On Wed, Nov 16, 2022 at 02:40:21PM +0000, Jonathan Cameron wrote:
> On Thu, 10 Nov 2022 10:57:55 -0800
> ira.weiny@xxxxxxxxx wrote:
>
> > From: Ira Weiny <ira.weiny@xxxxxxxxx>
> >
> > CXL device events are signaled via interrupts. Each event log may have
> > a different interrupt message number. These message numbers are
> > reported in the Get Event Interrupt Policy mailbox command.
> >
> > Add interrupt support for event logs. Interrupts are allocated as
> > shared interrupts. Therefore, all or some event logs can share the same
> > message number.
> >
> > The driver must deal with the possibility that dynamic capacity is not
> > yet supported by a device it sees. Fallback and retry without dynamic
> > capacity if the first attempt fails.
> >
> > Device capacity event logs interrupt as part of the informational event
> > log. Check the event status to see which log has data.
> >
> > Signed-off-by: Ira Weiny <ira.weiny@xxxxxxxxx>
> >
> Hi Ira,
>
> A few comments inline.

Thanks for the review!

>
> Thanks,
>
> Jonathan
>
> > diff --git a/drivers/cxl/core/mbox.c b/drivers/cxl/core/mbox.c
> > index 879b228a98a0..1e6762af2a00 100644
> > --- a/drivers/cxl/core/mbox.c
> > +++ b/drivers/cxl/core/mbox.c
>
> > /**
> > * cxl_mem_get_event_records - Get Event Records from the device
> > @@ -867,6 +870,52 @@ void cxl_mem_get_event_records(struct cxl_dev_state *cxlds)
> > }
> > EXPORT_SYMBOL_NS_GPL(cxl_mem_get_event_records, CXL);
> >
> > +int cxl_event_config_msgnums(struct cxl_dev_state *cxlds)
> > +{
> > + struct cxl_event_interrupt_policy *policy = &cxlds->evt_int_policy;
> > + size_t policy_size = sizeof(*policy);
> > + bool retry = true;
> > + int rc;
> > +
> > + policy->info_settings = CXL_INT_MSI_MSIX;
> > + policy->warn_settings = CXL_INT_MSI_MSIX;
> > + policy->failure_settings = CXL_INT_MSI_MSIX;
> > + policy->fatal_settings = CXL_INT_MSI_MSIX;
> > + policy->dyn_cap_settings = CXL_INT_MSI_MSIX;
> > +
> > +again:
> > + rc = cxl_mbox_send_cmd(cxlds, CXL_MBOX_OP_SET_EVT_INT_POLICY,
> > + policy, policy_size, NULL, 0);
> > + if (rc < 0) {
> > + /*
> > + * If the device does not support dynamic capacity it may fail
> > + * the command due to an invalid payload. Retry without
> > + * dynamic capacity.
> > + */
>
> There are a number of ways to discover if DCD is supported that aren't based
> on try and retry like this. 9.13.3 has "basic sequence to utilize Dynamic Capacity"
> That calls out:
> Verify the necessary Dynamic Capacity commands are returned in the CEL.
>
> First I'm not sure we should set the interrupt on for DCD until we have a lot
> more of the flow handled, secondly even then we should figure out if it is supported
> at a higher level than this command and pass that info down here.

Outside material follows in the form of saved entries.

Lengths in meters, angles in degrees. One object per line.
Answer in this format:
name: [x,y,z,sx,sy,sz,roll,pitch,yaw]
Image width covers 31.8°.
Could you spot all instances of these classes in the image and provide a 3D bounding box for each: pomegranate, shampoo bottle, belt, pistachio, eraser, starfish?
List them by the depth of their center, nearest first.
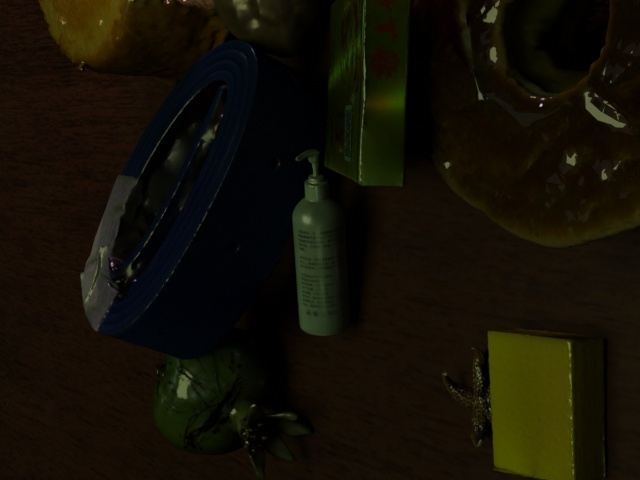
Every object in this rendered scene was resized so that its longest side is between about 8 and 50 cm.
eraser: [0.189,0.138,0.948,0.097,0.045,0.122,2,94,52]
starfish: [0.144,0.142,1.024,0.078,0.028,0.091,-9,82,50]
shampoo bottle: [0.000,0.000,1.152,0.056,0.056,0.195,25,124,50]
belt: [-0.129,-0.043,1.219,0.212,0.117,0.347,39,102,51]
pistachio: [-0.065,-0.276,1.227,0.185,0.108,0.126,63,180,37]
pomegranate: [-0.105,0.187,1.278,0.191,0.131,0.152,38,118,38]

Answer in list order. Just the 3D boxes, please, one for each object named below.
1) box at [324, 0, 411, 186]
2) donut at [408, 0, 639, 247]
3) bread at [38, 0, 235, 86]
box: [0.039,-0.141,1.011,0.311,0.043,0.173,-129,40,-83]
donut: [0.209,-0.159,0.828,0.330,0.160,0.330,18,113,49]
bread: [-0.238,-0.297,1.372,0.340,0.194,0.179,53,129,32]

I'm not sure I really agree. The events are just traced. I think this
functionality is really orthogonal to if any other support for DCD is there.

Regardless like I said in the call I think deferring this is the right way to
go for now.

>
>
> > + if (retry) {
> > + retry = false;
> > + policy->dyn_cap_settings = 0;
> > + policy_size = sizeof(*policy) - sizeof(policy->dyn_cap_settings);
> > + goto again;
> > + }
> > + dev_err(cxlds->dev, "Failed to set event interrupt policy : %d",
> > + rc);
> > + memset(policy, CXL_INT_NONE, sizeof(*policy));
>
> Relying on all the fields being 1 byte is a bit error prone. I'd just set them all
> individually in the interests of more readable code.

Done.

>
> > + return rc;
> > + }
> > +
> > + rc = cxl_mbox_send_cmd(cxlds, CXL_MBOX_OP_GET_EVT_INT_POLICY, NULL, 0,
> > + policy, policy_size);
>
> Add a comment on why you are reading this back (to get the msgnums in the upper
> bits) as it's not obvious to a casual reader.

Done.

>
> > + if (rc < 0) {
> > + dev_err(cxlds->dev, "Failed to get event interrupt policy : %d",
> > + rc);
> > + return rc;
> > + }
> > +
> > + return 0;
> > +}
> > +EXPORT_SYMBOL_NS_GPL(cxl_event_config_msgnums, CXL);
> > +
>
> ...
>
> > diff --git a/drivers/cxl/pci.c b/drivers/cxl/pci.c
> > index e0d511575b45..64b2e2671043 100644
> > --- a/drivers/cxl/pci.c
> > +++ b/drivers/cxl/pci.c
> > @@ -458,6 +458,138 @@ static void cxl_pci_alloc_irq_vectors(struct cxl_dev_state *cxlds)
> > cxlds->nr_irq_vecs = nvecs;
> > }
> >
> > +struct cxl_event_irq_id {
> > + struct cxl_dev_state *cxlds;
> > + u32 status;
> > + unsigned int msgnum;
> msgnum is only here for freeing the interrupt - I'd rather we fixed
> that by using standard infrastructure (or adding some - see below).
>
> status is an indirect way of allowing us to share an interrupt handler.
> You could do that by registering a trivial wrapper for each instead.
> Then all you have left is the cxl_dev_state which could be passed
> in directly as the callback parameter removing need to have this
> structure at all. I think that might be neater.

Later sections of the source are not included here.